Arc Institute
Transformer model for predicting cellular responses to perturbations across diverse cell contexts, trained on over 267 million human single-cell profiles.
STATE (State Transition and Embedding) is a transformer-based virtual cell model developed at Arc Institute by Yusuf H. Roohani, Patrick D. Hsu, Lena Gilbert, Stephan Konermann, and colleagues. Released in June 2025, STATE addresses one of the central challenges in computational biology: predicting how individual cells respond to genetic, chemical, or signaling perturbations, and generalizing those predictions to cellular contexts never seen during training. Unlike prior perturbation models that treat each experiment in isolation, STATE explicitly accounts for cellular heterogeneity both within a single experiment and across the broader diversity of cell types, tissues, and experimental conditions.
The model is architected around two interlocking modules that separate the problem of understanding what a cell is from predicting how a perturbation changes it. The State Embedding (SE) model learns a continuous manifold of cellular identity from large-scale observational single-cell RNA-seq data, encoding each cell as a dense vector that captures gene expression variation while remaining robust to technical noise. The State Transition (ST) model then operates on these cell embeddings to predict where a cell will move on that manifold following a given perturbation. By pre-computing cell states from 167 million unperturbed human cells and learning perturbation effects from over 100 million perturbed cells across 70 distinct cellular contexts, STATE achieves generalization to novel cell types where no perturbation data exists.
STATE was evaluated against prior models on large-scale perturbation datasets including Tahoe-100M, the largest publicly available chemical perturbation dataset at the time of publication. On that benchmark, STATE improved discrimination of perturbation effects by more than 50% and doubled the accuracy of identifying true differentially expressed genes compared to existing approaches. To support rigorous comparison across methods, the team simultaneously introduced Cell-Eval, a comprehensive benchmarking framework that assesses whether models can detect biologically meaningful, cell-type-specific responses including cell survival effects.
The State Transition model is built on a bidirectional transformer with a LLaMA-style backbone. It operates on sets of cell embeddings rather than raw transcriptomes, using self-attention to model dependencies among cells within a perturbation context.

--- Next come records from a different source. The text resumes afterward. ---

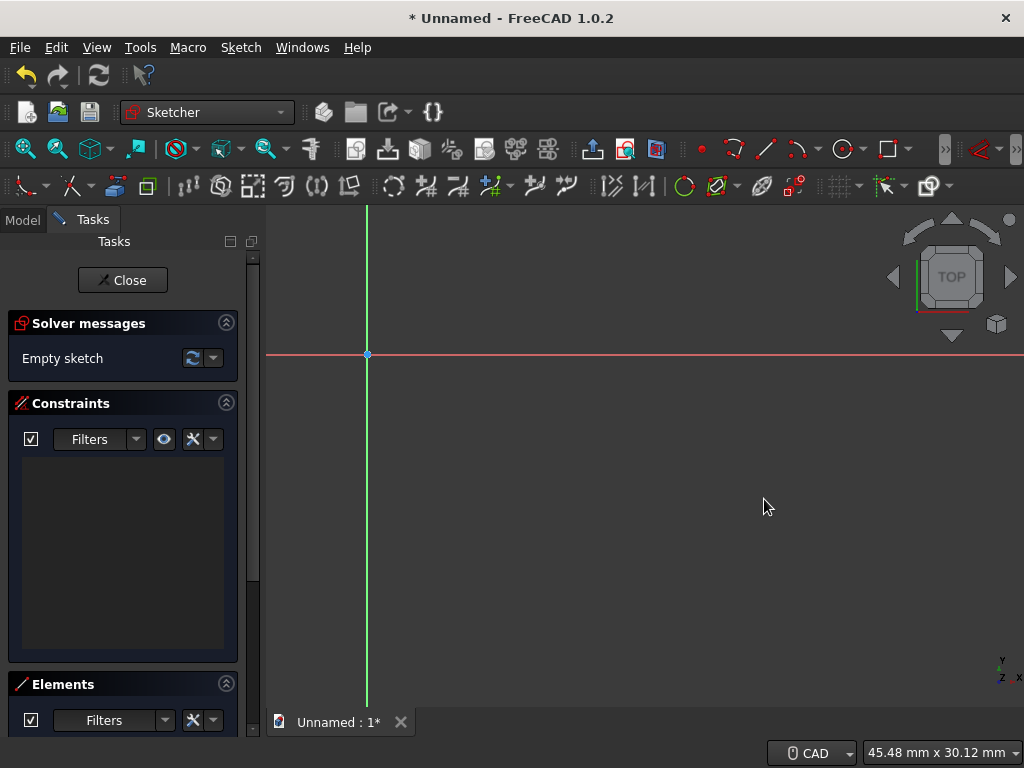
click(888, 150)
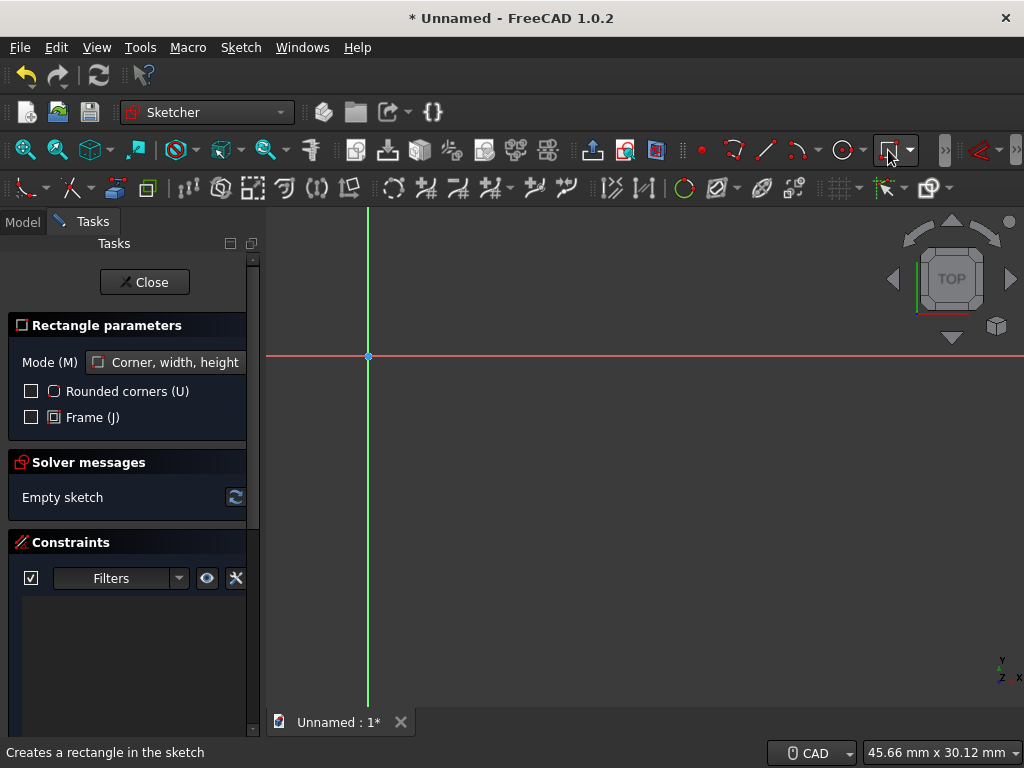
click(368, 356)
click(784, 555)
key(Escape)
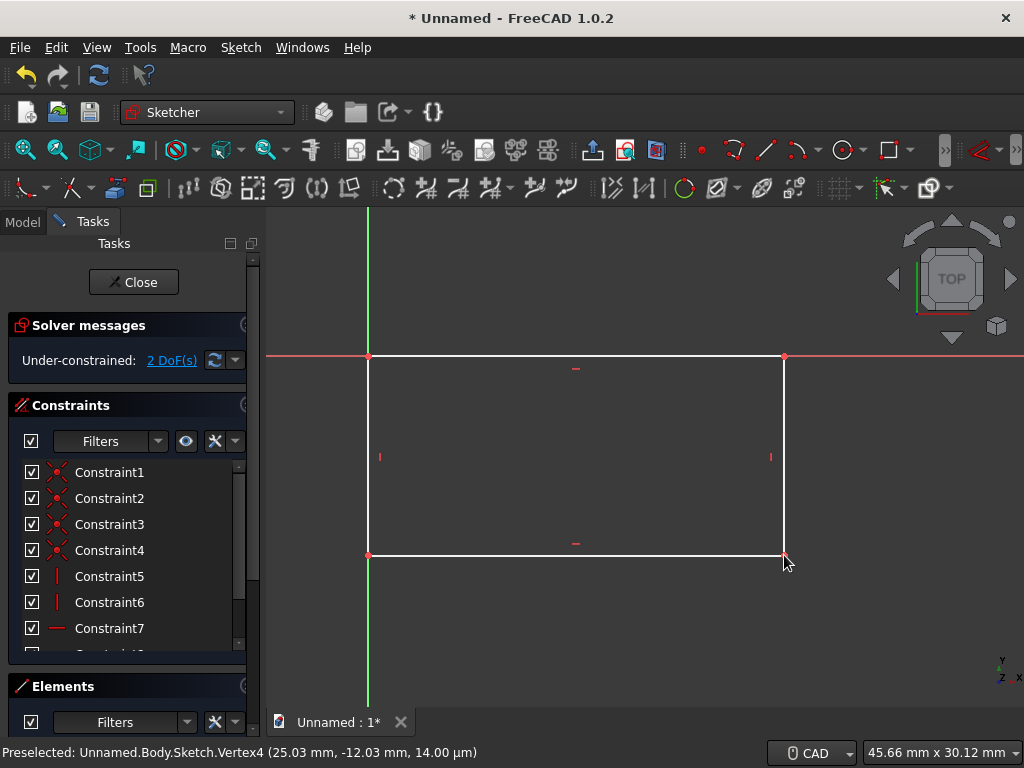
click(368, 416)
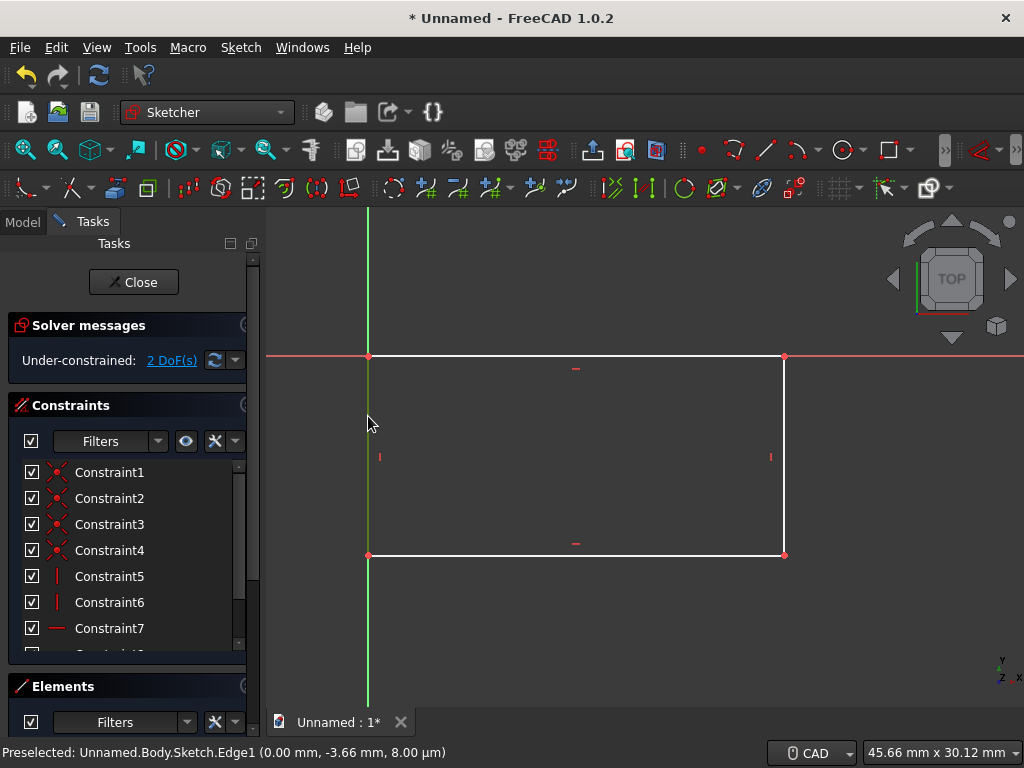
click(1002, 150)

The State Embedding model is a dense bidirectional transformer encoder whose training objective is to predict log-normalized gene expression from masked input; the SE decoder is a smaller multi-layer perceptron (MLP) that reconstructs gene expression from a combination of learned cell embeddings and target gene embeddings. This encoder-decoder design creates a smooth, noise-robust latent manifold of cellular states from which the ST model learns perturbation trajectories. All training data is standardized to 19,790 human protein-coding Ensembl genes; observations are normalized to a total UMI depth of 10,000 reads before being passed to either model component.
On the Tahoe-100M chemical perturbation benchmark, STATE demonstrated over 50% improvement in perturbation discrimination accuracy compared to the best prior methods, and achieved more than twice the accuracy in recovering true differentially expressed genes. On the Cell-Eval framework — which specifically probes whether models capture biologically meaningful, cell-type-specific effects such as survival responses — STATE showed substantially stronger performance than competing approaches across genetic, signaling, and chemical perturbation classes. The model also demonstrated the ability to transfer knowledge from contexts with abundant perturbation data to novel cellular environments where only observational data is available, validating the generalization claims of the dual-component design.
STATE is designed for researchers who need to predict gene expression responses to perturbations at scale, particularly when experimental resources limit the number of cell types or conditions that can be profiled directly. Drug discovery teams can use STATE to screen compounds or genetic targets in silico before committing to large CRISPR screens or chemical perturbation experiments. Computational biologists studying disease mechanisms can apply STATE to model how disease-relevant cell types would respond to therapeutic interventions. The Cell-Eval framework bundled with STATE enables fair benchmarking of perturbation prediction methods, making it a practical resource for methods developers comparing new approaches against the current state of the art. STATE's generalization to unobserved contexts is particularly valuable in rare disease research, where relevant cell types are often too scarce or difficult to culture for exhaustive perturbation profiling.
STATE represents Arc Institute's first public virtual cell model and advances the field significantly by demonstrating that perturbation generalization — predicting effects in unseen cellular contexts — is achievable at scale when cell identity and perturbation modeling are properly separated. The model's release coincided with the Virtual Cell Challenge, an Arc Institute-led initiative that used Cell-Eval as the evaluation framework to spur community competition toward building accurate virtual cell systems. By training on hundreds of millions of cells and achieving quantifiable improvements over prior art on standardized benchmarks, STATE sets a new empirical baseline for what perturbation models can achieve and provides the community with both model weights and evaluation infrastructure to build on. The primary limitation of the current version is the focus on human transcriptomic data; extension to other species, protein-level measurements, or spatially resolved transcriptomics remains an open direction for future work.